Shredding of leaves: Shredding of leaves helps reduce the possibility of matting. To shred, the leaves can be run over by a lawnmower or passed through a compost mill or leaf shredder. This helps to increase the surface area of leaves and provides an increased area for microorganisms to act on.
Mixing the leaves: Every 12 days the compost pile of leaves can be turned through. This helps introduce oxygen, which is very important for decomposition, into the pile. The oxygen would help increase microbial activity in the pile.
Adding old compost to the new pile: The addition of old compost helps introduce microorganisms into the new pile. This kicks off decomposition in the new pile.
Adequate moisture: The leaf pile should not be left dry. It should be kept moist constantly to ensure that the decomposition process does not slow down.
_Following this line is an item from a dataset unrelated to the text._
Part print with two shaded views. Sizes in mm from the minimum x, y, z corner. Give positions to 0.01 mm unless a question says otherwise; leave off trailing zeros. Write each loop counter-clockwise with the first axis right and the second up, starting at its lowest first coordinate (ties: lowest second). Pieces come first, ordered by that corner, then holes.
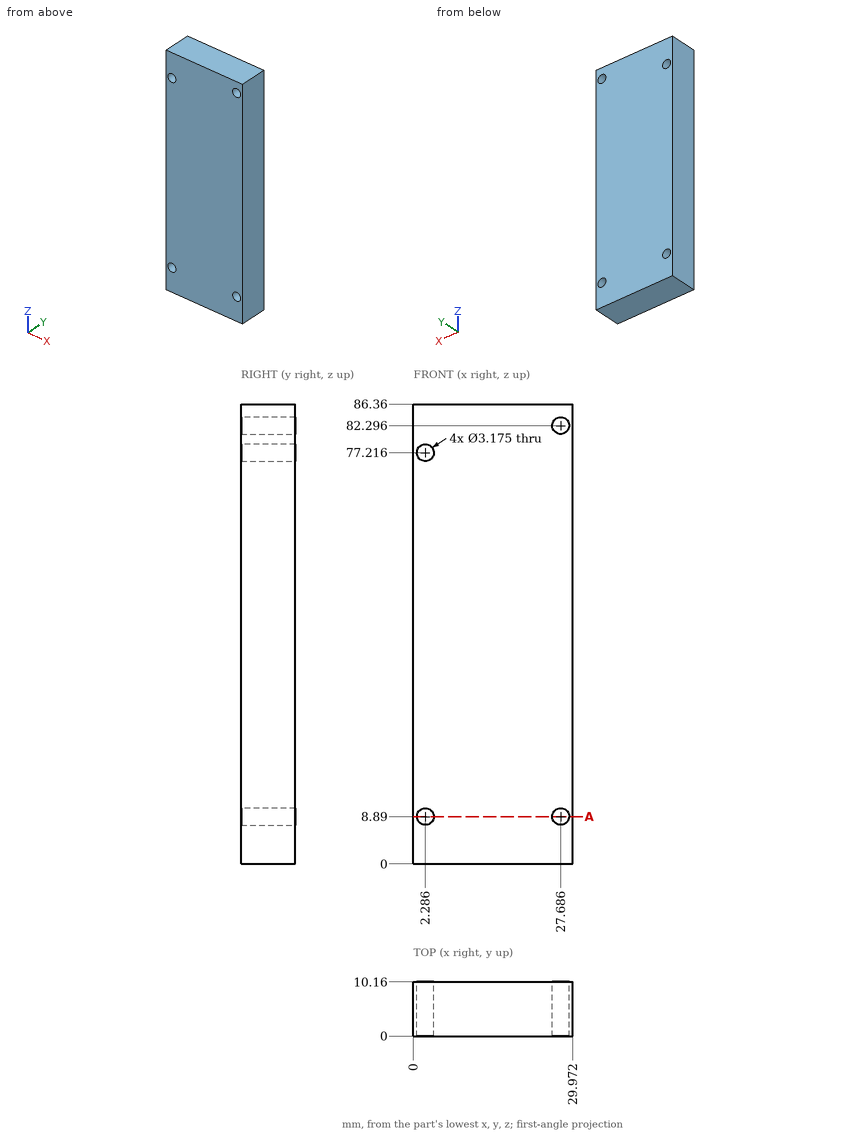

A sprinkler or hose can be used to add moisture to the leaf pile.
Arrange your pile in layers: Your leaf pile should be arranged alternate with compost or fertiliser. This would increase microbial action and induce the breakdown of leaves in the pile.
There are many ways to increase the decomposition process of leaves. Nitrogen plays a major role in the decomposition of leaves and therefore is an essential ingredient for leaf composting. The method used in leaf composting determines how much time the decomposition of the leaf pile will take. Leaves suitable for leaf composting should be used. The use of unsuitable leaves would prolong the decomposition process.